Я обожал, когда ты так канючила.

– Ну и кто же твой любимый пианист?

– Святослав Рихтер, – ты расплываешься в довольнейшей улыбке.

Приятные воспоминания, не правда ли? Но я их привожу здесь не за тем, чтоб смаковать. Поясняю, каждая воспроизведённая здесь ситуация, на мой взгляд, – реперная точка. Возможно, это опрометчиво, предполагать что, выстроив по этим точкам нашу жизнь, мне удастся побороть дискретность, описав всё в точности, как было, ничего существенного не забыв, однако сколько ни искал, я не нашёл альтернативы для того, чтоб полностью реконструировать то время и те чувства, обладая в настоящем лишь отрывками из прежней жизни.

Конечно, после фрагмента нашего с тобою счастья, я не в силах обойти и то, как мы с тобой лежали вечерами в темноте и слушали какие-нибудь песни.

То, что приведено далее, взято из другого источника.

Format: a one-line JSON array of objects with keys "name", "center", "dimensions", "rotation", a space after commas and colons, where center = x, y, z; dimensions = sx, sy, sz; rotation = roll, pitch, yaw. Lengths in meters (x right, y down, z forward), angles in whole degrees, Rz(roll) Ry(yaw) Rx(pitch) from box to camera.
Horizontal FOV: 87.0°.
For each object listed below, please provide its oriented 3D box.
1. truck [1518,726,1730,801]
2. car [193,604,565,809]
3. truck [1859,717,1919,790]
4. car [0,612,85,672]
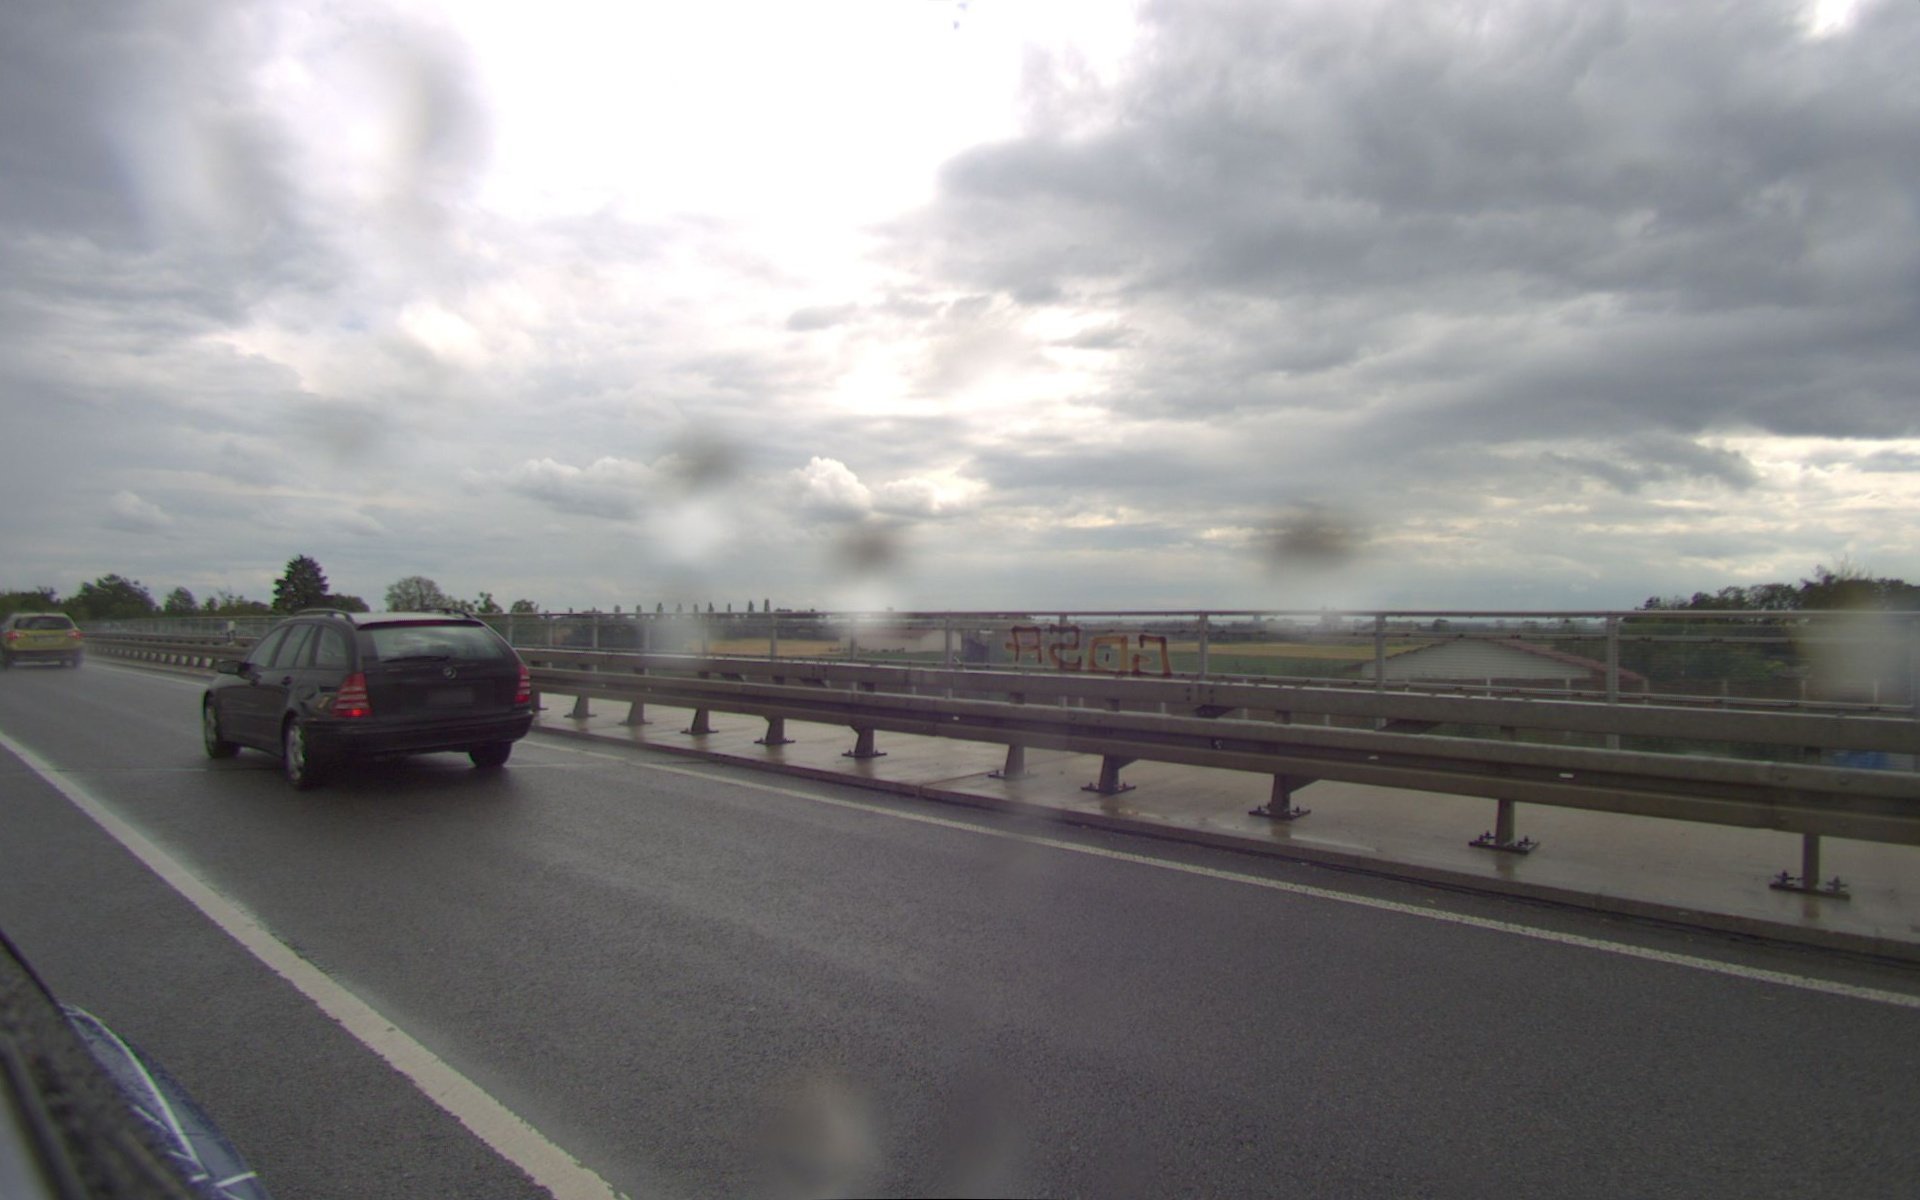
[{"name": "truck", "center": [39.302, 9.658, 60.039], "dimensions": [11.007, 3.790, 2.438], "rotation": [-1, 0, -2]}, {"name": "car", "center": [-5.479, 0.796, 9.285], "dimensions": [4.321, 1.443, 1.679], "rotation": [-1, 0, 42]}, {"name": "truck", "center": [58.845, 8.797, 58.922], "dimensions": [11.007, 3.790, 2.438], "rotation": [-1, 0, -2]}, {"name": "car", "center": [-26.650, 1.160, 29.147], "dimensions": [3.858, 1.528, 1.696], "rotation": [0, 1, 42]}]

Мы пребывали в темноте и наслаждались музыкой, друг другом.

Ты помнишь день: мы возвратились с зимней улицы в пустую тёмную квартиру, был декабрь. В то время ты нередко оставалась у меня, затем и вовсе вскоре ты ко мне перебралась. Я был единственным ребёнком и с пятнадцати рос без отца, которого убило электричеством на производстве. Тебе же непременно нужно было выбраться из скученной семьи, живущей в крошечной квартире. Помимо матери с отцом в двух комнатах жила не только ты, но младшие сестра и брат, и бабушка твоя в придачу. Поэтому ты обожала у меня бывать, особенно когда мы закрывались в моей комнате, как будто прятались от остального мира. Отрадой были те часы, когда лишь нам двоим принадлежала полностью квартира.

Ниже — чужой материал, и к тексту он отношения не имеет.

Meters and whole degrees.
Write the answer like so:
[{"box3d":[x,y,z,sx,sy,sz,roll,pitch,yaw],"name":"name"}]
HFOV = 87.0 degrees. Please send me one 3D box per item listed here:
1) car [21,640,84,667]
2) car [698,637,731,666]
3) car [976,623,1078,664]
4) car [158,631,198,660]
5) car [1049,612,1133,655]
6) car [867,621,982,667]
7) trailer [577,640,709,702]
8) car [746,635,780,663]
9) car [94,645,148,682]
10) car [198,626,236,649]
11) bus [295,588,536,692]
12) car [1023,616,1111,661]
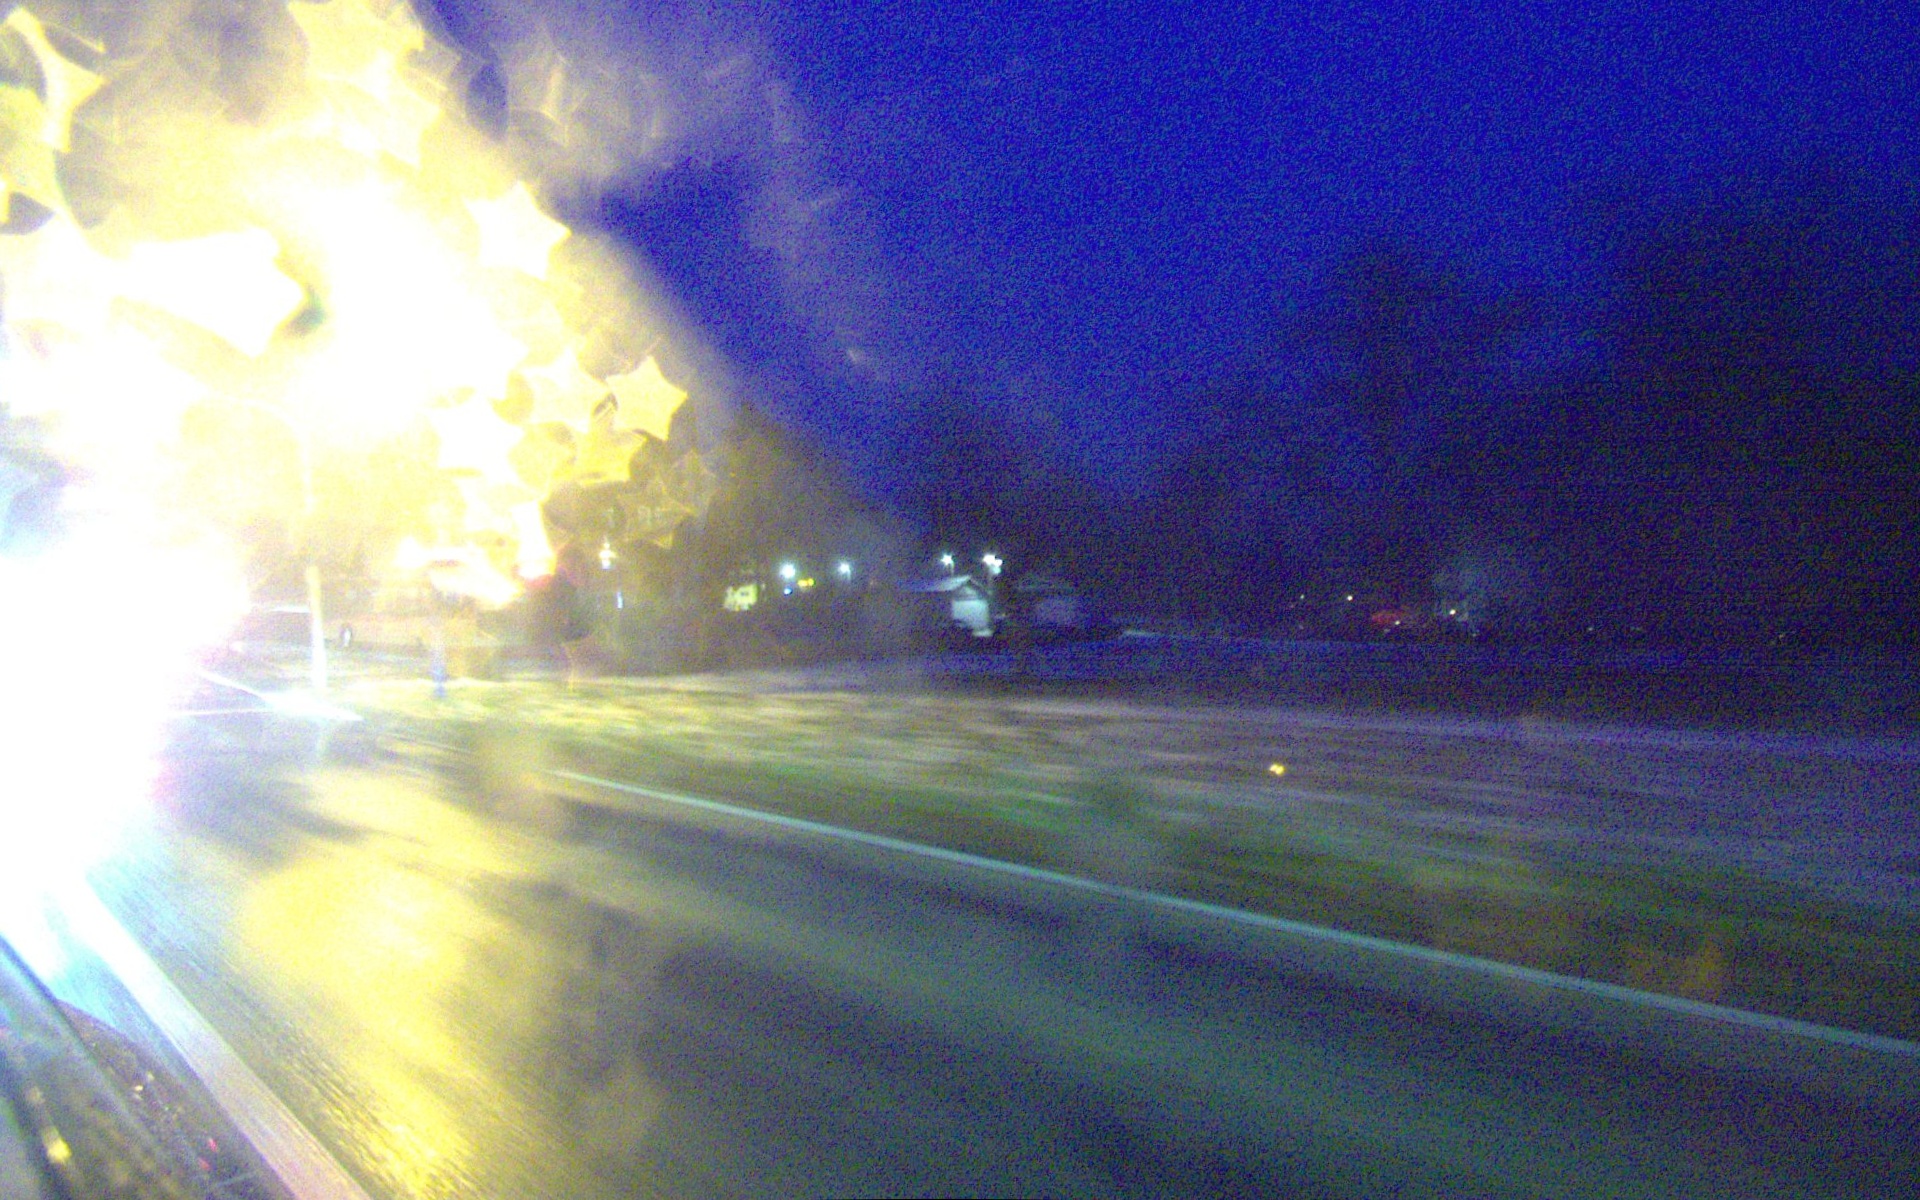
[{"box3d":[-51.385,3.016,57.307,3.352,1.302,1.577,0,2,27],"name":"car"},{"box3d":[-14.936,3.108,61.696,1.830,1.408,4.051,2,1,-13],"name":"car"},{"box3d":[3.223,2.064,49.120,4.617,1.710,1.920,0,2,35],"name":"car"},{"box3d":[-47.800,2.739,61.914,1.672,1.611,3.811,0,-1,-34],"name":"car"},{"box3d":[6.883,1.732,53.205,3.988,2.071,1.745,0,2,33],"name":"car"},{"box3d":[-1.535,1.800,42.527,4.617,1.710,1.920,0,2,35],"name":"car"},{"box3d":[-9.317,2.038,29.625,4.098,1.690,1.794,-3,-4,41],"name":"trailer"},{"box3d":[-12.087,2.971,62.075,1.830,1.408,4.051,2,1,-13],"name":"car"},{"box3d":[-35.899,2.695,43.374,1.614,1.522,4.125,2,-4,-38],"name":"car"},{"box3d":[-54.549,2.743,74.359,1.688,1.487,3.881,-2,1,-29],"name":"car"},{"box3d":[-23.113,1.571,42.444,13.016,3.898,2.871,-1,0,32],"name":"bus"},{"box3d":[5.402,1.901,51.258,3.988,2.071,1.978,0,2,33],"name":"car"}]

Мы только что-то пришли из магазина, прихватив оттуда свежий хлеб, половинку шара вкусного насыщенного сыра, виноград, не помню, что ещё…

– Давай не будем включать свет, – сказал мне в темноте твой голос. – Подойди.

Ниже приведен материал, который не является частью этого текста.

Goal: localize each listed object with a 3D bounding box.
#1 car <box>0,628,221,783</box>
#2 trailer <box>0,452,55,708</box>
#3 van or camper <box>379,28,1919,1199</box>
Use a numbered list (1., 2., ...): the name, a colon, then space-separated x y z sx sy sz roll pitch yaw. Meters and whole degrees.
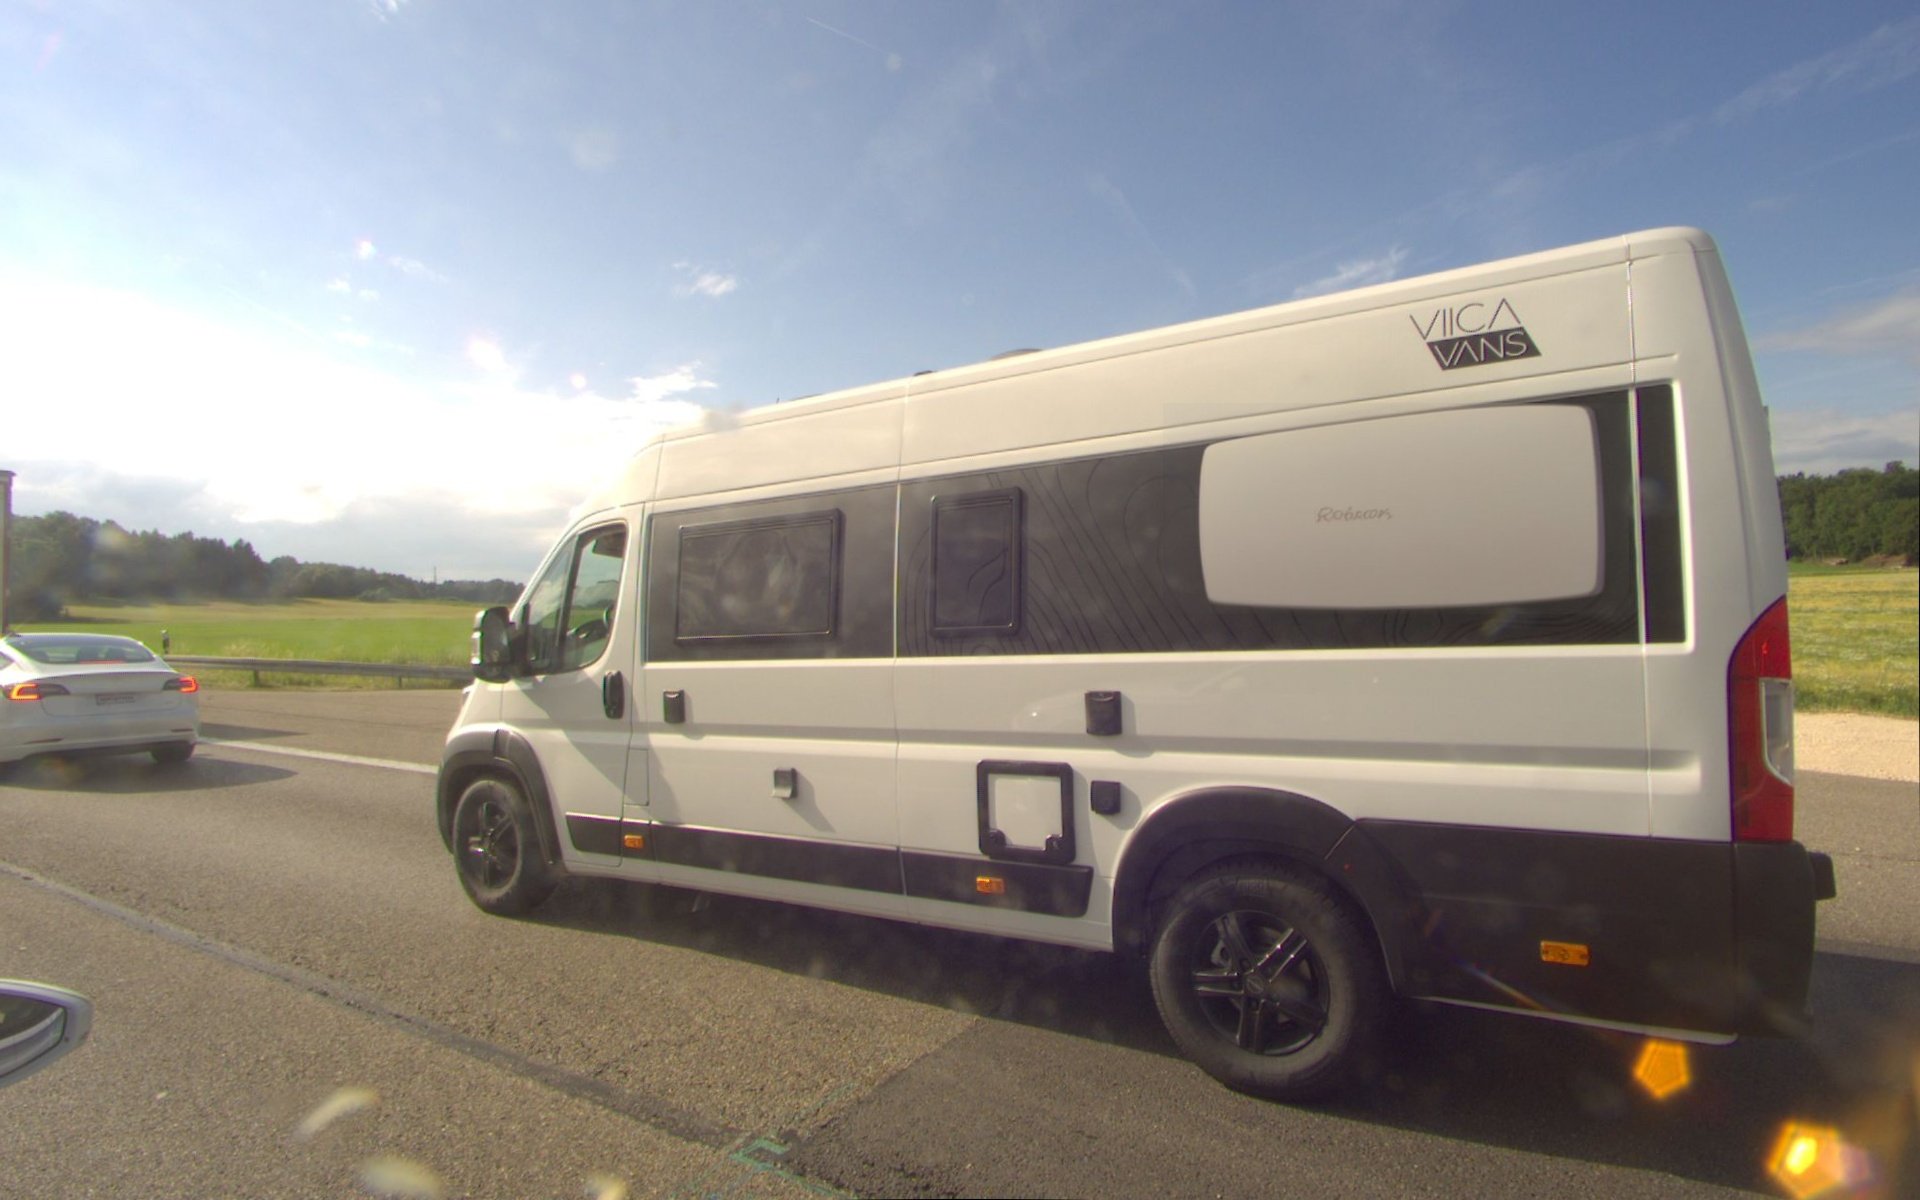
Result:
1. car: -10.279 1.027 11.119 4.371 1.412 1.786 -1 -1 30
2. trailer: -21.248 -0.128 18.744 13.181 4.061 3.125 -2 -2 33
3. van or camper: 0.076 0.191 4.719 6.241 2.716 2.211 -1 -1 32

Я подхожу и обнимаю тебя со спины. Ты смотришь вдаль на улицу, в окно. Час поздний, холодно, дороги залиты скользким стеклом, но тебя очаровали струящиеся через дорожку света от фонарного столба снежинки. Пересекая полосу, они только на миг искрятся, вспыхивают маленькой, но яркой жизнью, как комета. Снежинка падает, пересекает полосу от фонаря, улавливает предназначенный ей луч, вспыхивает, и на том кончается её красота.

– Смотри, после того, как она вспыхнет, из неё уходит жизнь, – ты говоришь, пространно глядя на ночной пейзаж. – Что, если снег, снежинки – это души? Души капелек воды. Зимой же вся природа умирает. Умирают травы. Так почему зимой не может также умирать вода? Что, если снежинки – это только призраки? Нет, серьёзно. Не смейся. Даже для всего живого в этих каплях нету жизни. Разве может растение насытиться снегом или льдом?

– Да, может быть, они и призраки, – мне передаётся твоё настроение. – Но если так, то тогда весной всё это обязательно воскреснет.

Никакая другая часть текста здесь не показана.